Now I’m completely lost: In the NPP documentation it says, that nppiMean_StdDev_8u_C1R() uses host pointers for pMean and pStdDev. But using host pointers in the sample code produces garbage values. Only device pointers work. Is the documentation wrong or have I missed something?

For completeness: I’m using NPP 4 with CUDA 4 on a Geforce GTX 285 with Windows 7 (64-Bit).

int pitch = 0;

	NppiSize size; //image data size

	size.height = 256;

	size.width = 256;

	

	//alloc image on device

	Npp8u* d_image = nppiMalloc_8u_C1(size.width, size.height, &pitch);

	

	//alloc image on host

	unsigned char* h_img = (unsigned char*)malloc(size.width * size.height);

	

	//fill host image with random data

	for (int i = 0; i < size.width; i++)

	for (int j = 0; j < size.height; j++)

	{

		h_img[i + j * size.width] = rand() % 255;

	}

	//copy host image to device image

	cudaMemcpy2D(d_image, pitch, h_img, size.width, size.width, size.height, cudaMemcpyHostToDevice);

	NppStatus status; 

	//buffer size for nppiReductionGetBufferHostSize_8u_C1R

	int bufferSize = 0;

	

	//deviceptr for sum result

	Npp64f* d_sum;

	cudaMalloc((void **)&d_sum, sizeof(Npp64f));

	

	//deviceptr for stddev/mean result

	Npp64f* d_mean;

	cudaMalloc((void **)&d_mean, sizeof(Npp64f));

	

	//deviceptr for stddev/mean result

	Npp64f* d_dev;

	cudaMalloc((void **)&d_dev, sizeof(Npp64f));

	//Get buffer size

	status = nppiReductionGetBufferHostSize_8u_C1R(size, &bufferSize);

	

	//alloc buffer on device

	Npp8u* buffer;

	cudaMalloc((void **)&buffer, bufferSize);

	//run nppi stddev/mean function -> results are fine

	status = nppiMean_StdDev_8u_C1R(d_image, pitch, size, d_mean, d_dev); 

	

	//run nppi sum function -> d_sum contains only garbage after execution

	status = nppiSum_8u_C1R(d_image, pitch, size, buffer, d_sum);

	//Copy values to host

	double h_sum, h_mean, h_dev;

	cudaMemcpy(&h_sum , d_sum , sizeof(Npp64f), cudaMemcpyDeviceToHost);

	cudaMemcpy(&h_mean, d_mean, sizeof(Npp64f), cudaMemcpyDeviceToHost);

	cudaMemcpy(&h_dev , d_dev , sizeof(Npp64f), cudaMemcpyDeviceToHost);

	//Copy image back to host

	unsigned char* host = (unsigned char*)malloc(size.height*size.width);

	cudaMemcpy2D(host, size.width, d_image, pitch, size.width, size.height, cudaMemcpyDeviceToHost);

ysong · August 29, 2011, 11:37pm

Thanks miku5005 to point out the bug here. This nppiSum_8u_C1R bug will be fixed at our next release.

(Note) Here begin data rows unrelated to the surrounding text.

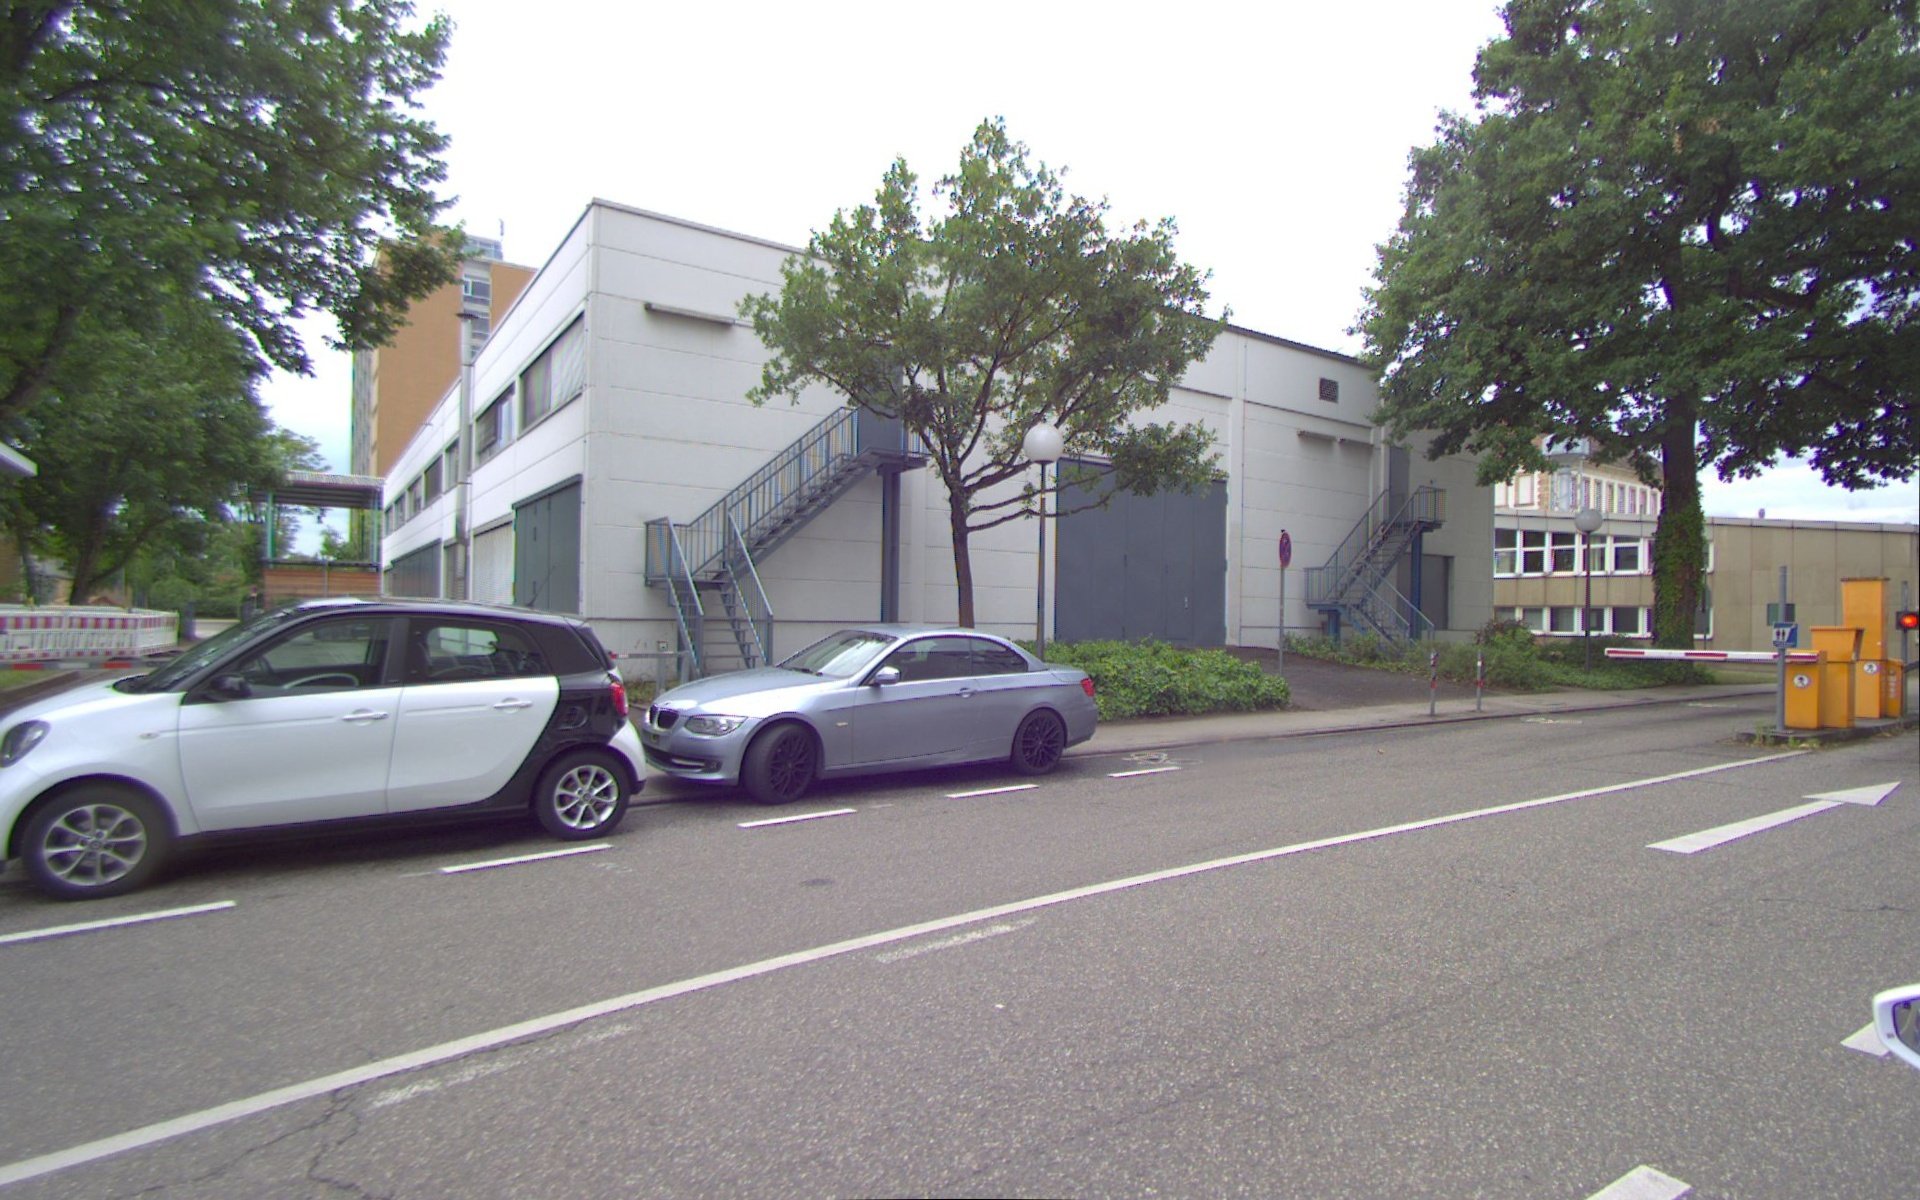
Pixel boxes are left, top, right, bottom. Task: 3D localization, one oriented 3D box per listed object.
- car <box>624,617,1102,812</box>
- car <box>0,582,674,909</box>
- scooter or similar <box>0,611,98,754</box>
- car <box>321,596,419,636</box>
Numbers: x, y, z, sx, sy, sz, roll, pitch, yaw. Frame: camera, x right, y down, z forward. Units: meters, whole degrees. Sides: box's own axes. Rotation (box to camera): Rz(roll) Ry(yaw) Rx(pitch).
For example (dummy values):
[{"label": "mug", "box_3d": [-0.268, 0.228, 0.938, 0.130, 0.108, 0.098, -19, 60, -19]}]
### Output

In our NPP library, all the pointers passed to the primitives are “device” pointers unless specified explicitly. However, some primitives do require additional device scratch buffers for calculations, such as the image and signal reductions. For this purpose, we provide a companion function for each reduction to calculate the size of the required scratch buffer. For example, to invoke the nppsSumGetBufferSize_32f(…), you have to call GetBufferSize_32f(nLength, &nBufferSize), where the “&nBufferSize” is a “host” pointer. We will clarify this “scratch buffer and host pointer” documentation in our next release.

I was playing around with NPP and came across nppiSum_8u_C1R(const Npp8u * pSrc, int nSrcStep, NppiSize oSizeROI, Npp8u * pDeviceBuffer, Npp64f * pSum). First question is: Am I right assuming in pSum the sum of all pixel values?

And if that is true, what is wrong in this code snipped?

I always get denormalized results in pSum (6.216239955045e-315#DEN) in this example. On the other hand, using nppiMean_StdDev_8u_C1R(…) in the same way returns correct values.

Is pSum a host, in contrast to nppiMean_StdDev_8u_C1R, or a device pointer? Either way, it doesn’t return the expected value.

NppStatus is always NPP_NO_ERROR. Thanks in advance!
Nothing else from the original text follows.